Molecular modification of known explosives is considered to be an efficient route to design new energetic materials. A new family of energetic salts based on the 3,5-bis(dinitromethyl)-1,2,4-triazole monoanion and dianion were controllably synthesized by using 1-diamino-2,2-dinitroethene as a precursor. X-ray structure determination of monohydrazinium 3,5-bis(dinitromethyl)-1,2,4-triazolate (5) and monoammonium (6) and diammonium 3,5-bis(dinitromethyl)-1,2,4-triazolate hydrate (8·H2O) further confirmed the structures of these anions.
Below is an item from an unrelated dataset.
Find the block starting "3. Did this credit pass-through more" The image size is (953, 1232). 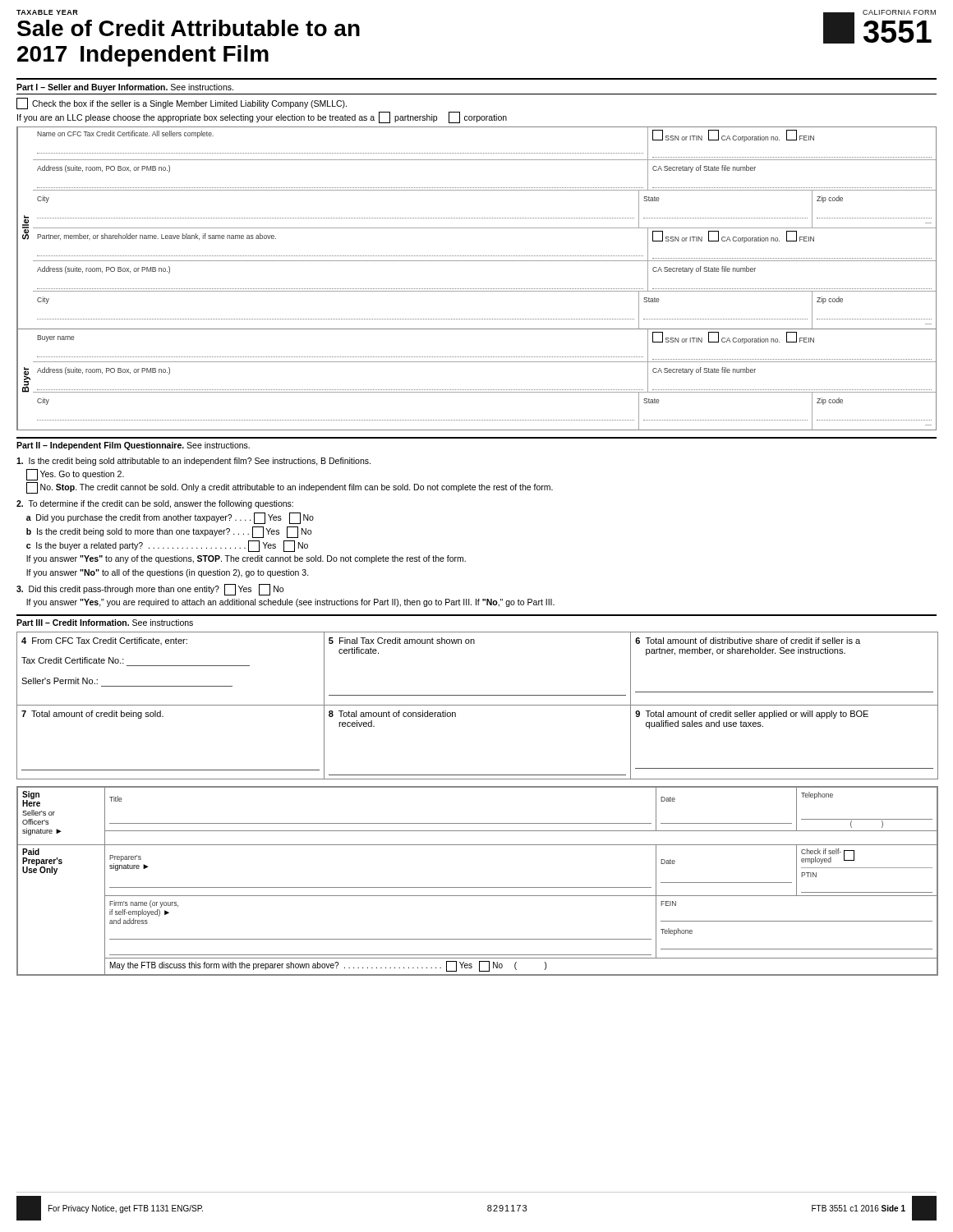[286, 595]
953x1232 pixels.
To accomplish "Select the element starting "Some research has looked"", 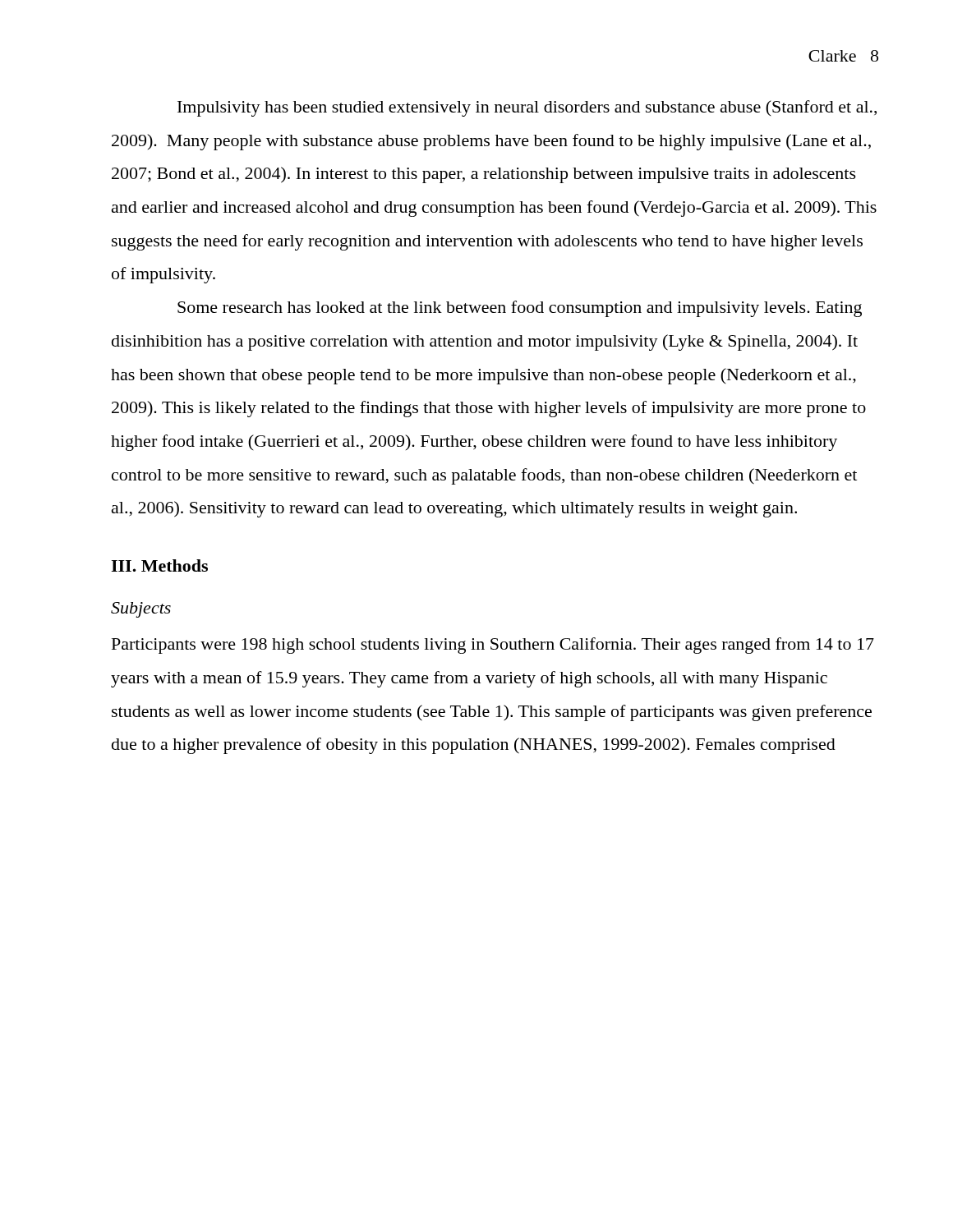I will (489, 407).

In addition, as supported by X-ray data, in the monoanion system, the roving proton on the ring nitrogen rather than on the gem-dinitro carbon results in extensive hydrogen-bonding interactions and higher packing coefficients. Interestingly, 5 and 6 possess the highest calculated crystal densities, 1.965 and 1.957 g cm-3 at 150 K, for hydrazinium and ammonium energetic salts, respectively. Energetic evaluation indicates that 5 (detonation velocity vD = 9086 m s-1 detonation pressure P = 38.7 GPa) and 6 (vD, 9271 m s-1 P = 41.0 GPa) exhibit great detonation properties, superior to those of current highly explosive benchmarks, such as 1,3,5-trinitroperhydro-1,3,5-triazine (RDX) and octahydro-1,3,5,7-tetranitro-1,3,5,7-tetrazocine (HMX).
Bibliographical noteFunding Information:
Financial support of the Office of Naval Research (NOOO14-16-1-2089), the Defense Threat Reduction Agency (HDTRA 1-15-1-0028), and CFD Research Corporation are gratefully acknowledged.
© 2016 American Chemical Society.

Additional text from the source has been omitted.